Exercise directions: Please reproduce, exactly and with nothing else, every line from the one containing "table_cell [527, 1239, 675, 1291]" through the last line of the records below.

_____

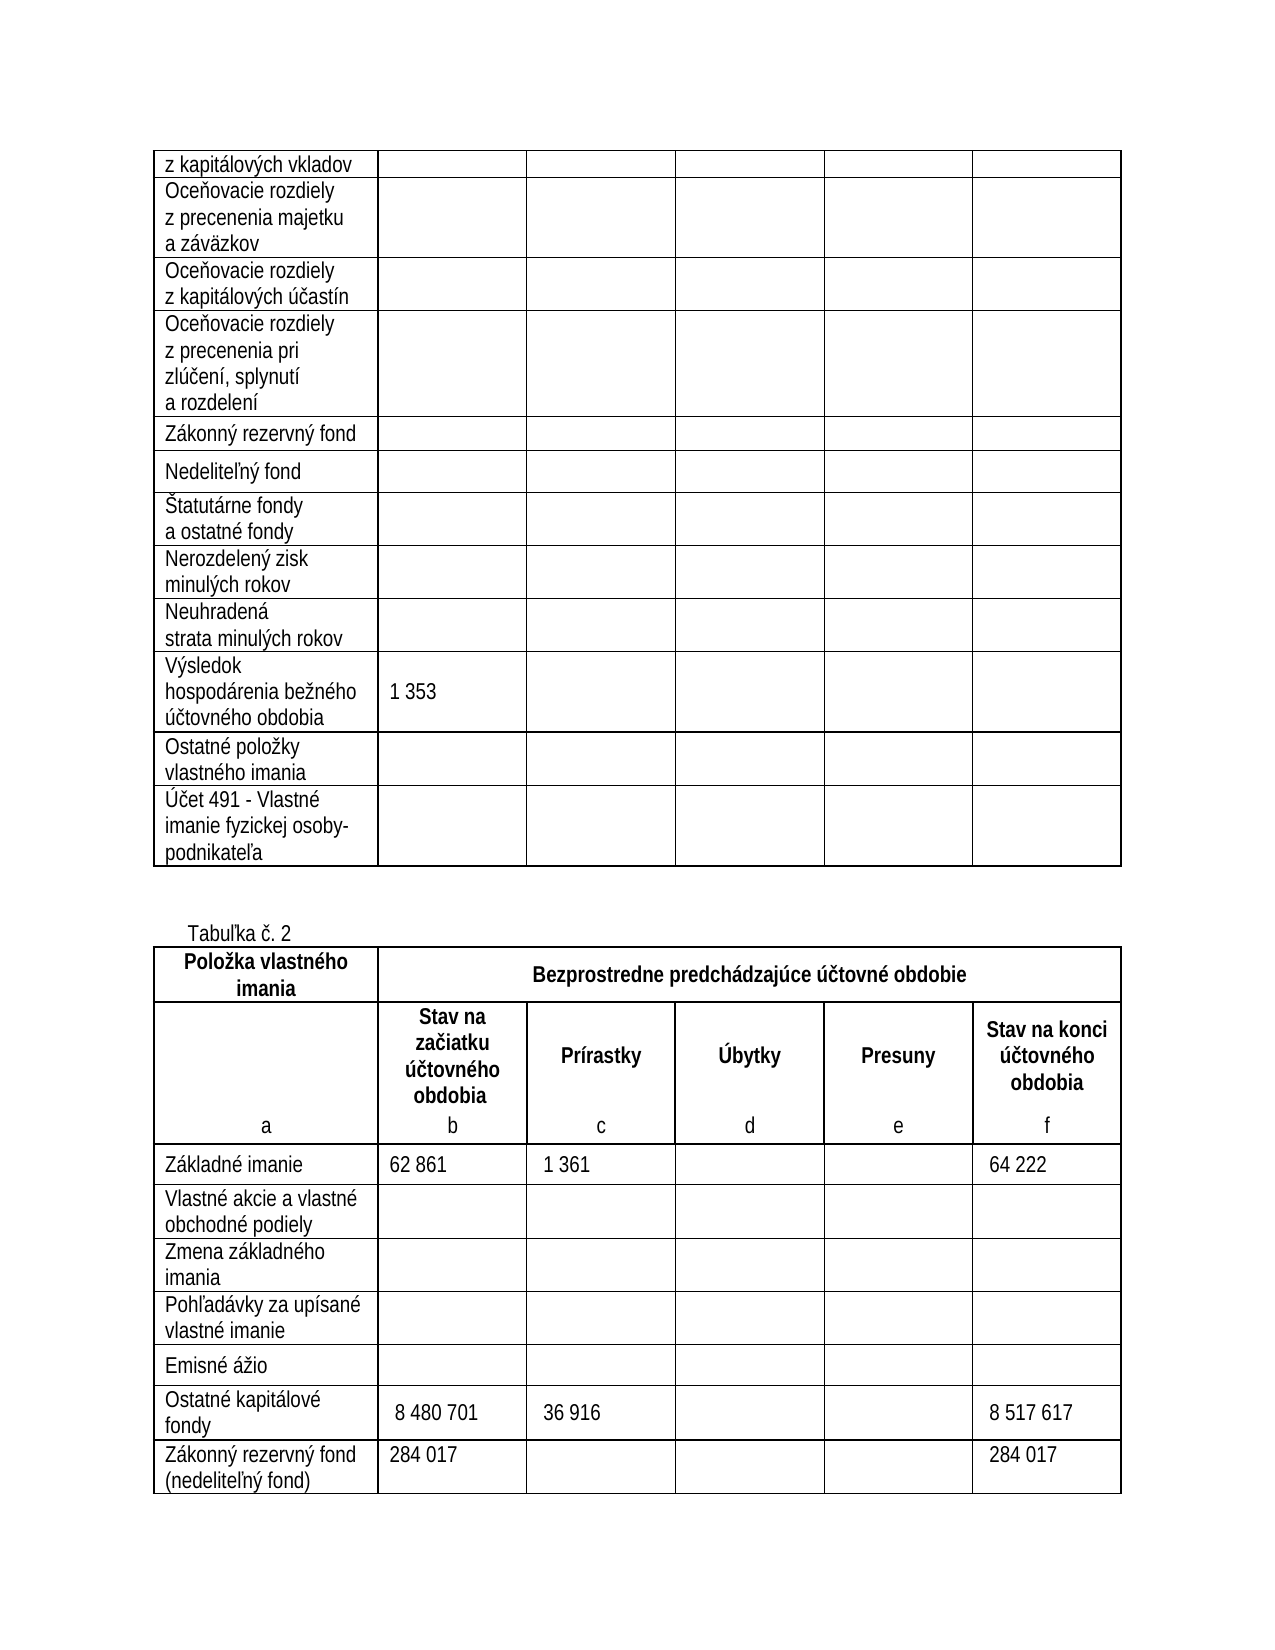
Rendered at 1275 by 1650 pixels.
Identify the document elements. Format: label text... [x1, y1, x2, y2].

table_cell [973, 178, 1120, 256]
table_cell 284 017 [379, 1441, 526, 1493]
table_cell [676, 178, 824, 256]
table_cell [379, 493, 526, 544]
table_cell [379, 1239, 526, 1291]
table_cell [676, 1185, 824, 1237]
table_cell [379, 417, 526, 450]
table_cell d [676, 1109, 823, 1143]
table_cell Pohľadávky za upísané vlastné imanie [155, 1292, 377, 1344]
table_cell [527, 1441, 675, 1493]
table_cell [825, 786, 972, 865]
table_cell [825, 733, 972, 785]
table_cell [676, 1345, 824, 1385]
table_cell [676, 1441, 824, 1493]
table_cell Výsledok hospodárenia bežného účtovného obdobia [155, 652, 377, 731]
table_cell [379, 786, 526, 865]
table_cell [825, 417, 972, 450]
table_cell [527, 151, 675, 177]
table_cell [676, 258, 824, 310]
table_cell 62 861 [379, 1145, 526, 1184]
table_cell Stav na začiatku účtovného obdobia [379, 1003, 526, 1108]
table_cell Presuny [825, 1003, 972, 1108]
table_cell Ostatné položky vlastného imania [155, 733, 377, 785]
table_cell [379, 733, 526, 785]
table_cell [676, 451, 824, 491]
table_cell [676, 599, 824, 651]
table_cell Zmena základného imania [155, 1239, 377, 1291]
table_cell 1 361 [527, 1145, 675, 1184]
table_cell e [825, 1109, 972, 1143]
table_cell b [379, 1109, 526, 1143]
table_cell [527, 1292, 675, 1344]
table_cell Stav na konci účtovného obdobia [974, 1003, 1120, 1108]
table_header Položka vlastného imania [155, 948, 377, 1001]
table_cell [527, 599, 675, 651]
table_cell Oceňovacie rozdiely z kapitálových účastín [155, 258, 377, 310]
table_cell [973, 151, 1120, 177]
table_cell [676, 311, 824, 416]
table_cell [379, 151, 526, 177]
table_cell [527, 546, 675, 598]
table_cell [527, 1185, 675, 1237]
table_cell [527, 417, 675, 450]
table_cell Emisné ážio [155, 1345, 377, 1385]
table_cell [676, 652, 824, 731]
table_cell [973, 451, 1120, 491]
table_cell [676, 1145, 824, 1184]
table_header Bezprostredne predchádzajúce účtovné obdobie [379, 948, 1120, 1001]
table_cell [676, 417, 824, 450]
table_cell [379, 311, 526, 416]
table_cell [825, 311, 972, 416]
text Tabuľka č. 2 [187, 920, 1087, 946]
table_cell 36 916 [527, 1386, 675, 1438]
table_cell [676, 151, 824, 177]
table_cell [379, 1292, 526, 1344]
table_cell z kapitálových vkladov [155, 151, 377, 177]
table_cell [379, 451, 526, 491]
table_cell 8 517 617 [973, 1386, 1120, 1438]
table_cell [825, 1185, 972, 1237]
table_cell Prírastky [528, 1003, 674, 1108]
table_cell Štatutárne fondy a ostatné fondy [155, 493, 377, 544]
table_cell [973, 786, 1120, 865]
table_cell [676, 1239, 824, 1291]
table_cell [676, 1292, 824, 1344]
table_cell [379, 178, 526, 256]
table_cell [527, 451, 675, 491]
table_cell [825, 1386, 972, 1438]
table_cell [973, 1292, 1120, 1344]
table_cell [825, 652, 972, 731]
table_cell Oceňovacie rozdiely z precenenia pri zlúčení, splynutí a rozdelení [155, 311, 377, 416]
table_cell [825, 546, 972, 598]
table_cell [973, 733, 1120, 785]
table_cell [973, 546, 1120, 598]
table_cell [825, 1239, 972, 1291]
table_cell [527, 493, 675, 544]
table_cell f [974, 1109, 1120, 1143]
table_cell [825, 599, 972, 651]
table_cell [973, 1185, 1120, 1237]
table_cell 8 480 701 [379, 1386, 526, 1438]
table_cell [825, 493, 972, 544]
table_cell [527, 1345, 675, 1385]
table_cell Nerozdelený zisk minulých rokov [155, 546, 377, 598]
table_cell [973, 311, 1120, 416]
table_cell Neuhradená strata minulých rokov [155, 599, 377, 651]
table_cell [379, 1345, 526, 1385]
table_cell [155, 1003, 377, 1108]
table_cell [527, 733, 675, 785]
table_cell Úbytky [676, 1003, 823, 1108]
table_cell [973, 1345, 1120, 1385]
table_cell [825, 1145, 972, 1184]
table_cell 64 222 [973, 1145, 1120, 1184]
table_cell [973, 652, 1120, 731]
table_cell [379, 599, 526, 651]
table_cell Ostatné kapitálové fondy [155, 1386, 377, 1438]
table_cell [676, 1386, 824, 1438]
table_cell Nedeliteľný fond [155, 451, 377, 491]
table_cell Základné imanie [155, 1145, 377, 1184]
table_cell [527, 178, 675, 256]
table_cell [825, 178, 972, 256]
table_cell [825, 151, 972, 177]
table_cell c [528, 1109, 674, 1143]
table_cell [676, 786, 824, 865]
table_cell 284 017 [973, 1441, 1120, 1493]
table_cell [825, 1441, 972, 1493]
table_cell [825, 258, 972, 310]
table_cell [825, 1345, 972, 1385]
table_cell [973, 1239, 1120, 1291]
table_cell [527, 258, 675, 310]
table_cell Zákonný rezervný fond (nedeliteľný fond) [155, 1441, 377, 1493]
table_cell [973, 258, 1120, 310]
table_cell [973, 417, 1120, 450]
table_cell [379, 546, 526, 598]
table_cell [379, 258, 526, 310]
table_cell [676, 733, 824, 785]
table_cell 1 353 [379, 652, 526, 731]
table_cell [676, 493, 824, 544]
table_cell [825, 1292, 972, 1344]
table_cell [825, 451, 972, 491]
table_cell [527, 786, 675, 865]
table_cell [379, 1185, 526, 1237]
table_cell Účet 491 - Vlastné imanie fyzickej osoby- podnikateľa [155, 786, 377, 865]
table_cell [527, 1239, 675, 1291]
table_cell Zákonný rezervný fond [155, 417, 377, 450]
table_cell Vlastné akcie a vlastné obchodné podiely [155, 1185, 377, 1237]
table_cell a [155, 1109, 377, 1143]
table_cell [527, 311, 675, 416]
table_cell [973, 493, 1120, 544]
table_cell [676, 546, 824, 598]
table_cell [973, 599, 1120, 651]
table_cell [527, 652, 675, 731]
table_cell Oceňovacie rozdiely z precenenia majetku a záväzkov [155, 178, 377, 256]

_____

Output:
table_cell [527, 1239, 675, 1291]
table_cell Zákonný rezervný fond [155, 417, 377, 450]
table_cell Vlastné akcie a vlastné obchodné podiely [155, 1185, 377, 1237]
table_cell a [155, 1109, 377, 1143]
table_cell [527, 311, 675, 416]
table_cell [973, 493, 1120, 544]
table_cell [676, 546, 824, 598]
table_cell [973, 599, 1120, 651]
table_cell [527, 652, 675, 731]
table_cell Oceňovacie rozdiely z precenenia majetku a záväzkov [155, 178, 377, 256]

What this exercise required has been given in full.